[二分][后缀数组]Life Forms POJ3294

23 篇文章 0 订阅
22 篇文章 0 订阅

You may have wondered why most extraterrestrial life forms resemble humans, differing by superficial traits such as height, colour, wrinkles, ears, eyebrows and the like. A few bear no human resemblance; these typically have geometric or amorphous shapes like cubes, oil slicks or clouds of dust.

The answer is given in the 146th episode of Star Trek - The Next Generation, titled The Chase. It turns out that in the vast majority of the quadrant's life forms ended up with a large fragment of common DNA.

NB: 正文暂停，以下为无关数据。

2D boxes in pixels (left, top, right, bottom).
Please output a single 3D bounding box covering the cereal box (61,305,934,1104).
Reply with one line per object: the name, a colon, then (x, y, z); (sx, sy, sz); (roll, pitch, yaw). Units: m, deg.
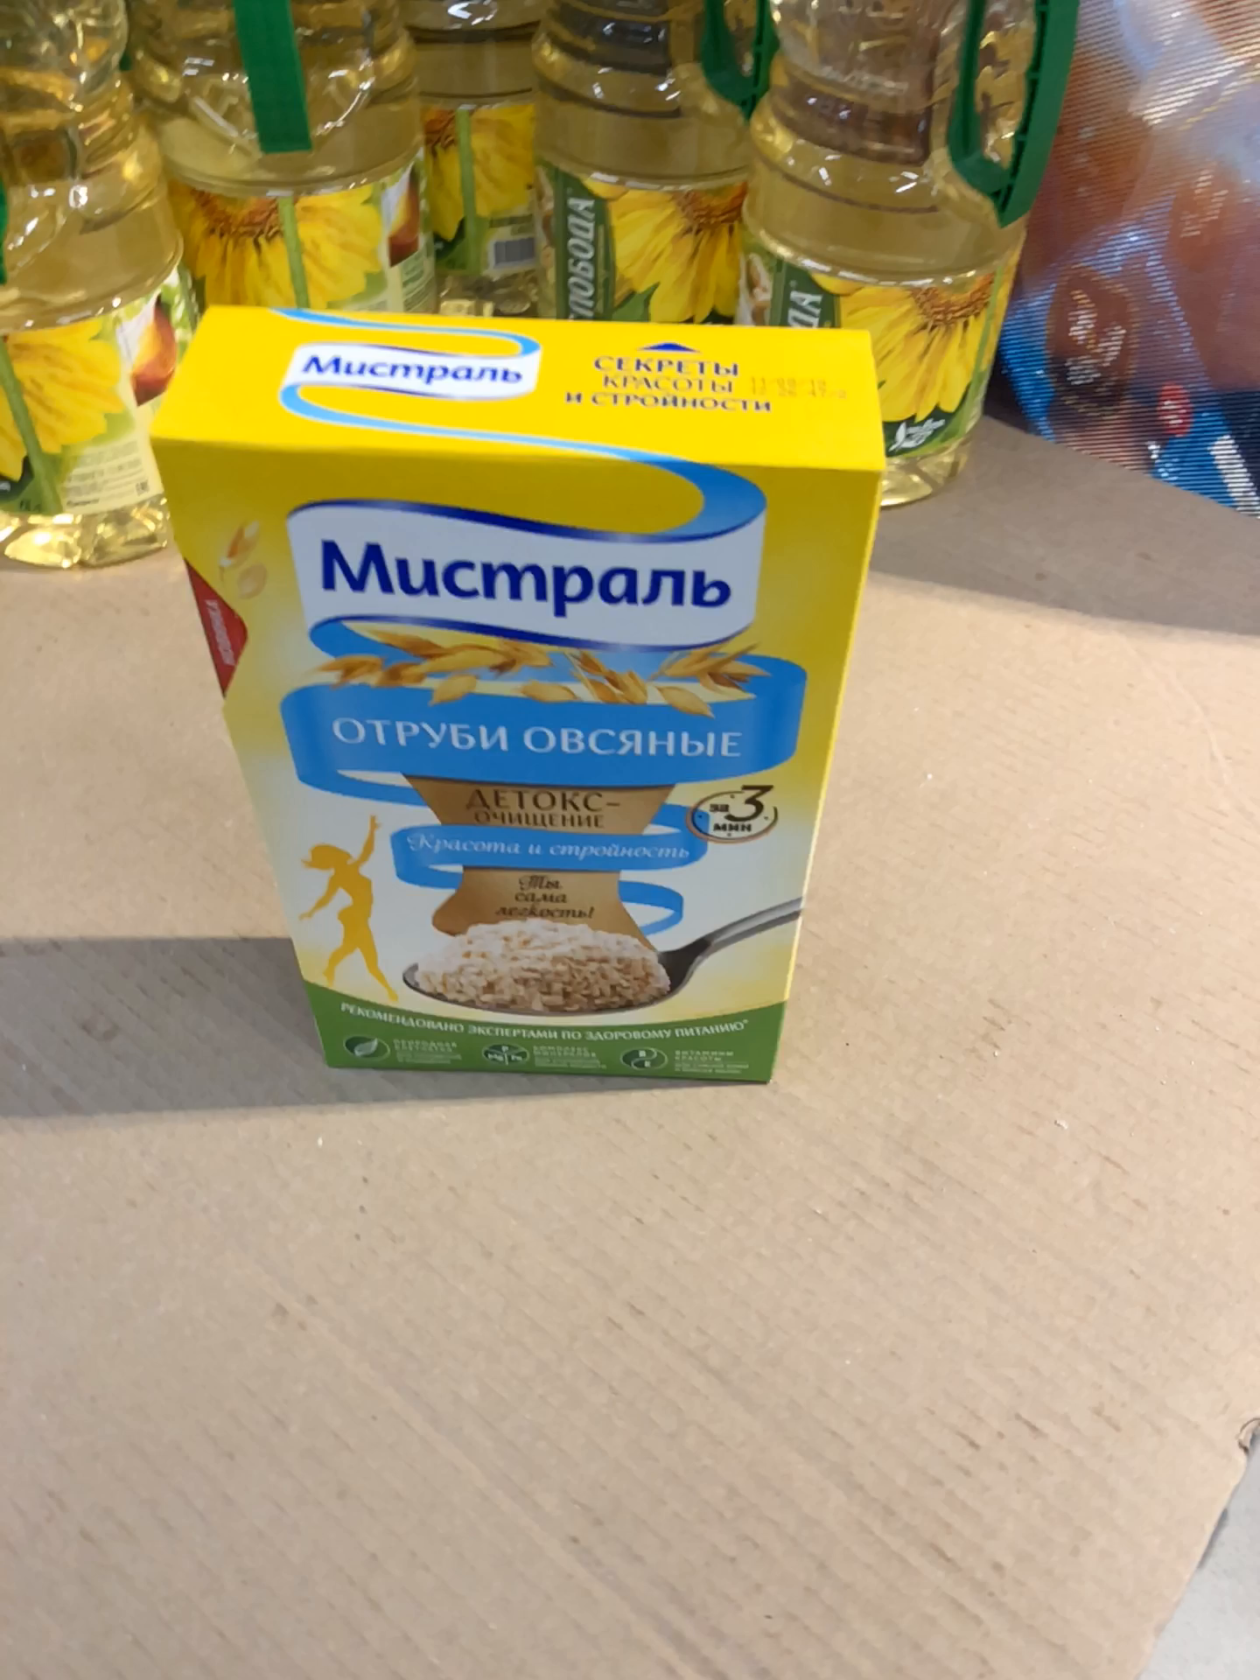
cereal box: (-0.022, -0.015, 0.333); (0.150, 0.209, 0.050); (2, 50, 2)
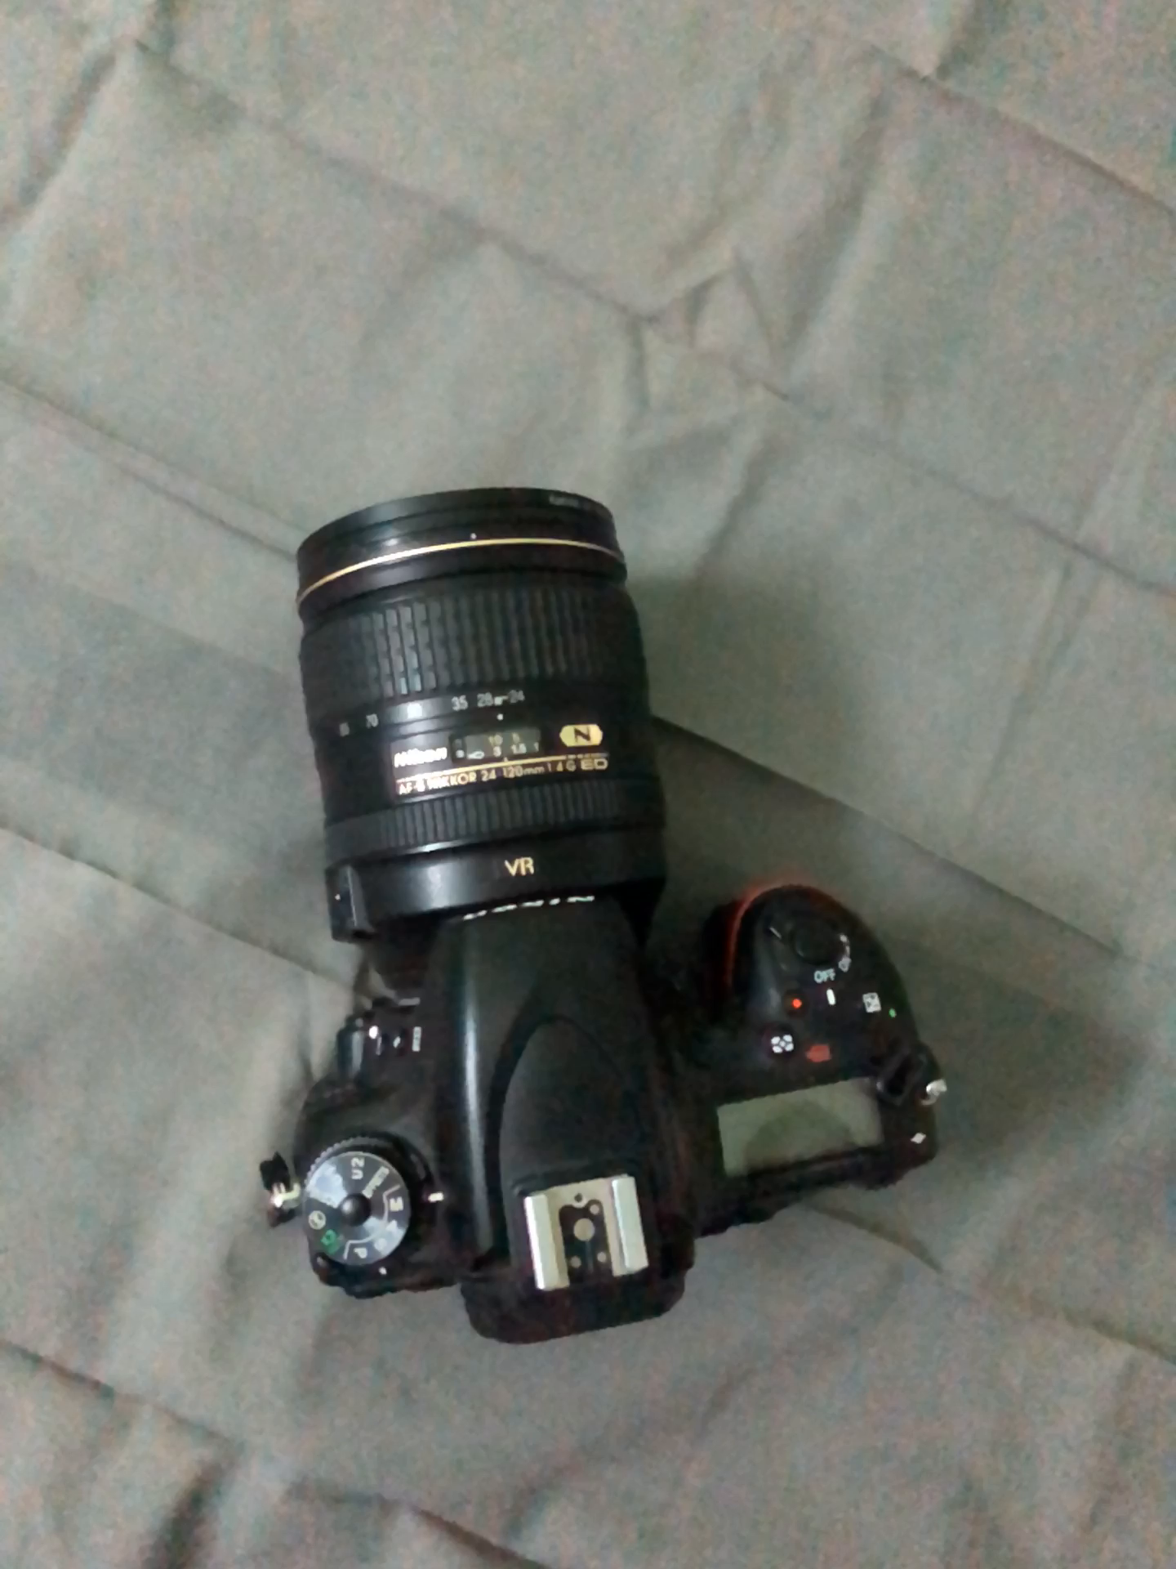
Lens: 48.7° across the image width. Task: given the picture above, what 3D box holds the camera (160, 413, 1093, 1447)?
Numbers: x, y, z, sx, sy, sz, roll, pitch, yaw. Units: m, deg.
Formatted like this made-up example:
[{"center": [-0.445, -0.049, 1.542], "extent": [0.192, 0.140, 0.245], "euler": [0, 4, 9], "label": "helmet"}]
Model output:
[{"center": [-0.001, 0.026, 0.298], "extent": [0.146, 0.135, 0.163], "euler": [-7, 84, -9], "label": "camera"}]
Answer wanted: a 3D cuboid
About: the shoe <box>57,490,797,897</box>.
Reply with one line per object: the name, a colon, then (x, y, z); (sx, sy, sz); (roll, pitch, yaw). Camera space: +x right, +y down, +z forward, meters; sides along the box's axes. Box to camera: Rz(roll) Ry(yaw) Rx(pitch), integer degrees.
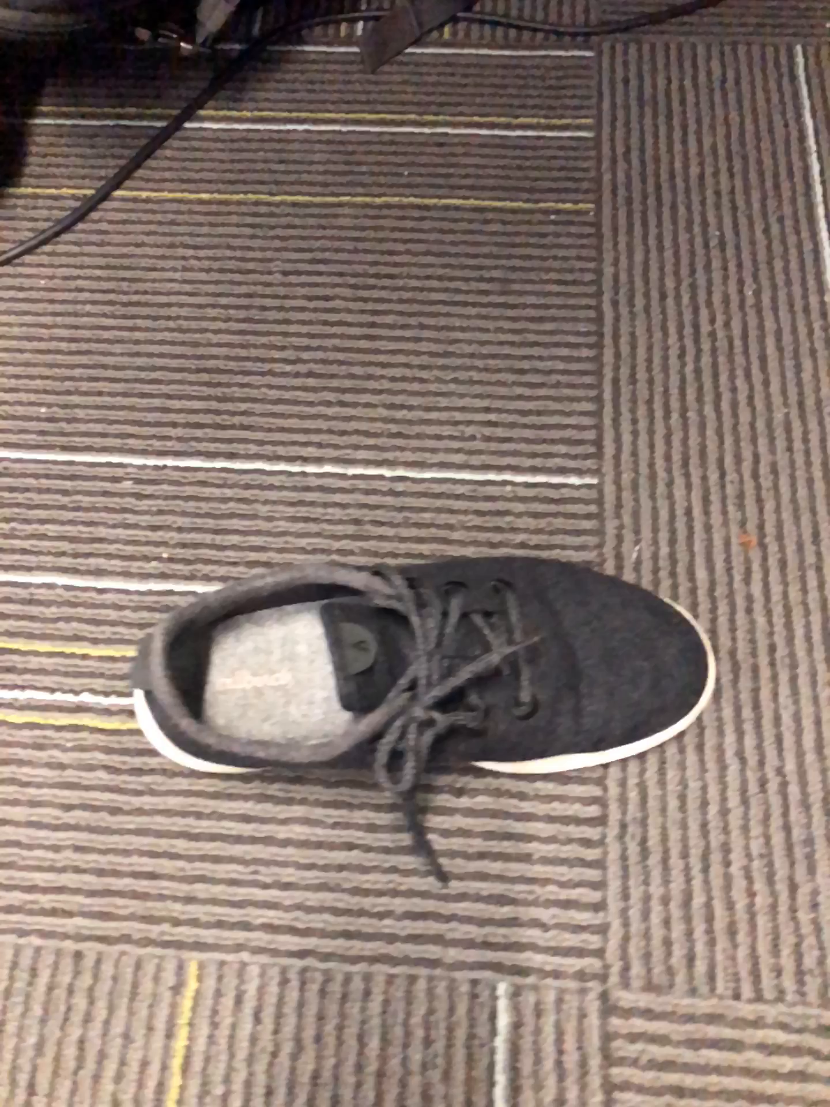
shoe: (0.000, 0.061, 0.403); (0.280, 0.060, 0.140); (-5, 65, 0)
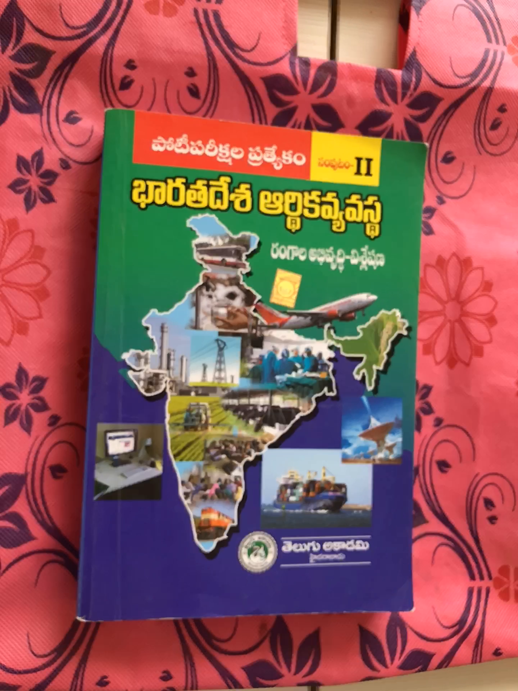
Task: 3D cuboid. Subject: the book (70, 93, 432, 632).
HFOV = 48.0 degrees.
[{"bbox_3d":[0.000,0.011,0.340,0.190,0.040,0.280,3,87,-11],"label":"book"}]
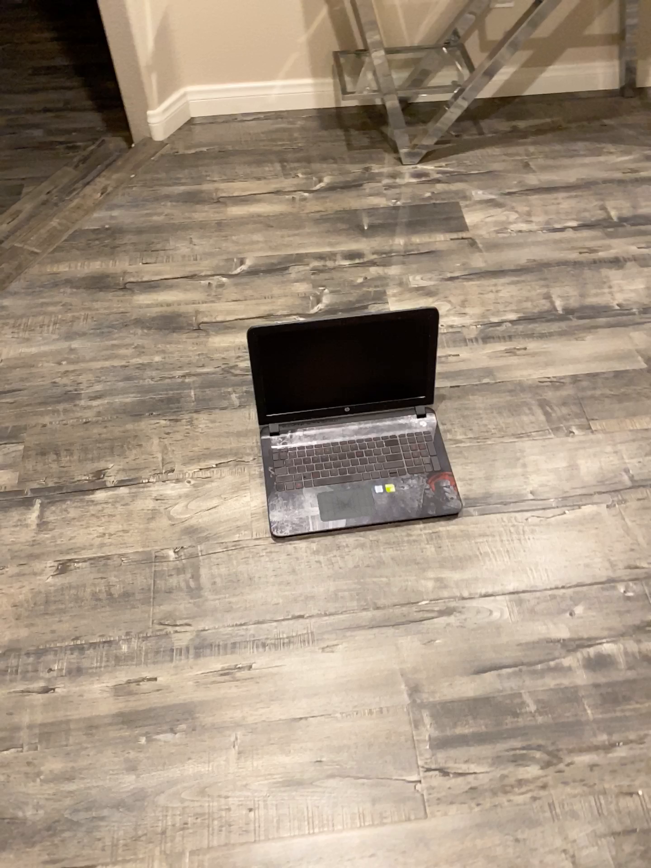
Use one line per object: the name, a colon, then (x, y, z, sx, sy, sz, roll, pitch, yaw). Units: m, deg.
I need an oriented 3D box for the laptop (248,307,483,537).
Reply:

Given the DNA sequences of several life forms represented as strings of letters, you are to find the longest substring that is shared by more than half of them.

Input

Standard input contains several test cases. Each test case begins with 1 ≤ n ≤ 100, the number of life forms. n lines follow; each contains a string of lower case letters representing the DNA sequence of a life form. Each DNA sequence contains at least one and not more than 1000 letters. A line containing 0 follows the last test case.

Output

For each test case, output the longest string or strings shared by more than half of the life forms. If there are many, output all of them in alphabetical order. If there is no solution with at least one letter, output "?". Leave an empty line between test cases.

Sample Input

3
abcdefg
bcdefgh
cdefghi
3
xxx
yyy
zzz
0

Sample Output

bcdefg
cdefgh

?

题意: 给出n个字符串,求在一半以上字符串中出现的最长公共子串,若有多个,按字典序升序输出,若不存在,输出'?'。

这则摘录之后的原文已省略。